The distribution of this release may in certain jurisdictions be restricted by law. Persons into whose possession this release comes should inform themselves about and observe any such restrictions. Any failure to comply with these restrictions may constitute a violation of the securities laws of any such jurisdiction. Carnegie is acting for the Company and no one else in connection with the Private Placement and will not be responsible to anyone other than the Company for providing the protections afforded to their respective clients or for providing advice in relation to the Private Placement and/or any other matter referred to in this release.
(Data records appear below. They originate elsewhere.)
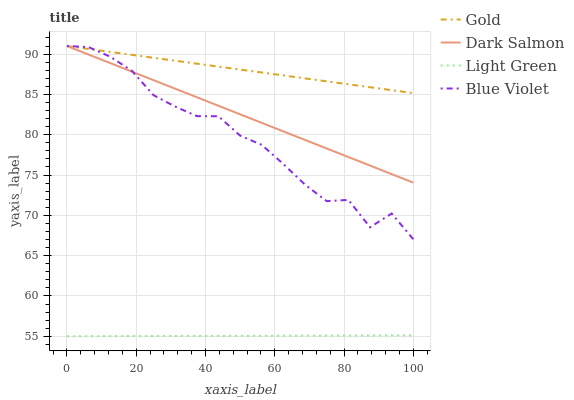Does Light Green have the minimum area under the curve?
Answer yes or no. Yes. Does Gold have the maximum area under the curve?
Answer yes or no. Yes. Does Dark Salmon have the minimum area under the curve?
Answer yes or no. No. Does Dark Salmon have the maximum area under the curve?
Answer yes or no. No. Is Light Green the smoothest?
Answer yes or no. Yes. Is Blue Violet the roughest?
Answer yes or no. Yes. Is Dark Salmon the smoothest?
Answer yes or no. No. Is Dark Salmon the roughest?
Answer yes or no. No. Does Dark Salmon have the lowest value?
Answer yes or no. No. Does Gold have the highest value?
Answer yes or no. Yes. Does Light Green have the highest value?
Answer yes or no. No. Is Light Green less than Blue Violet?
Answer yes or no. Yes. Is Gold greater than Light Green?
Answer yes or no. Yes. Does Dark Salmon intersect Blue Violet?
Answer yes or no. Yes. Is Dark Salmon less than Blue Violet?
Answer yes or no. No. Is Dark Salmon greater than Blue Violet?
Answer yes or no. No. Does Light Green intersect Blue Violet?
Answer yes or no. No. 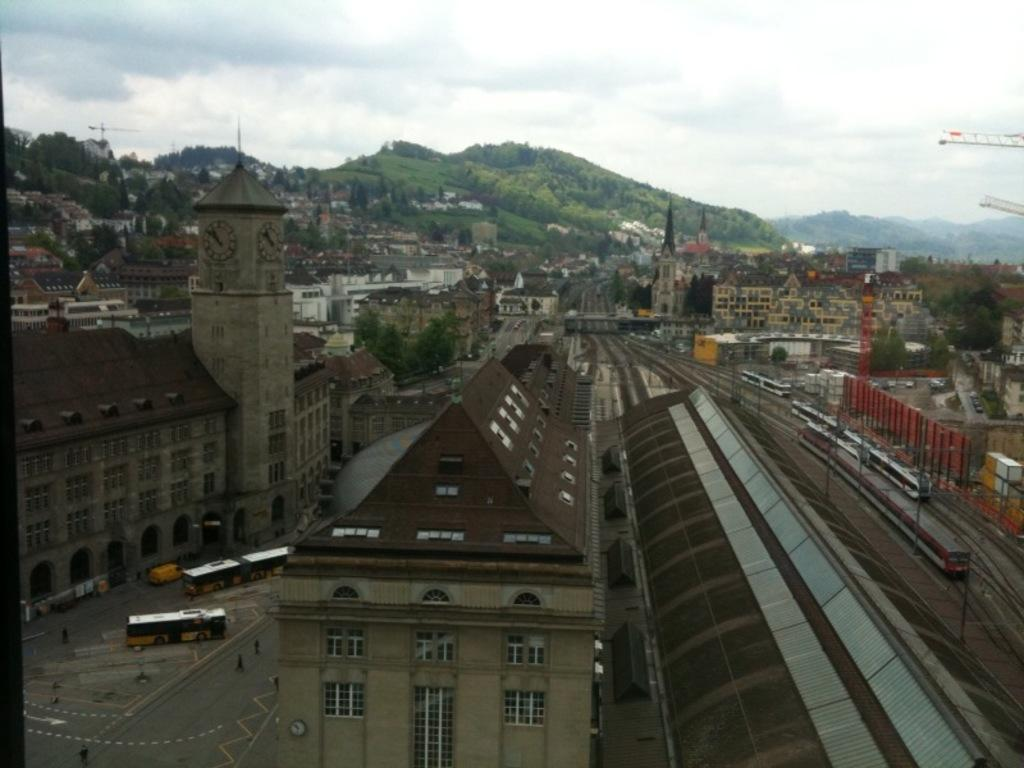What type of structures can be seen in the image? There are buildings in the image. What is happening on the road in the image? There are vehicles and people on the road in the image. What mode of transportation can be seen on the tracks in the image? There are trains on the tracks in the image. What type of landmark is present in the image? There is a clock tower in the image. What type of construction equipment can be seen in the image? There are cranes in the image. What natural feature is visible in the image? There are mountains covered with trees and plants in the image. Can you tell me how many grapes are hanging from the clock tower in the image? There are no grapes present in the image, and they are not hanging from the clock tower. What is the moon's position in the image? The moon is not visible in the image.

This release and any materials distributed in connection with this release may contain certain forward-looking statements. By their nature, forward-looking statements involve risk and uncertainty because they reflect the Company's current expectations and assumptions as to future events and circumstances that may not prove accurate. A number of material factors could cause actual results and developments to differ materially from those expressed or implied by these forward-looking statements.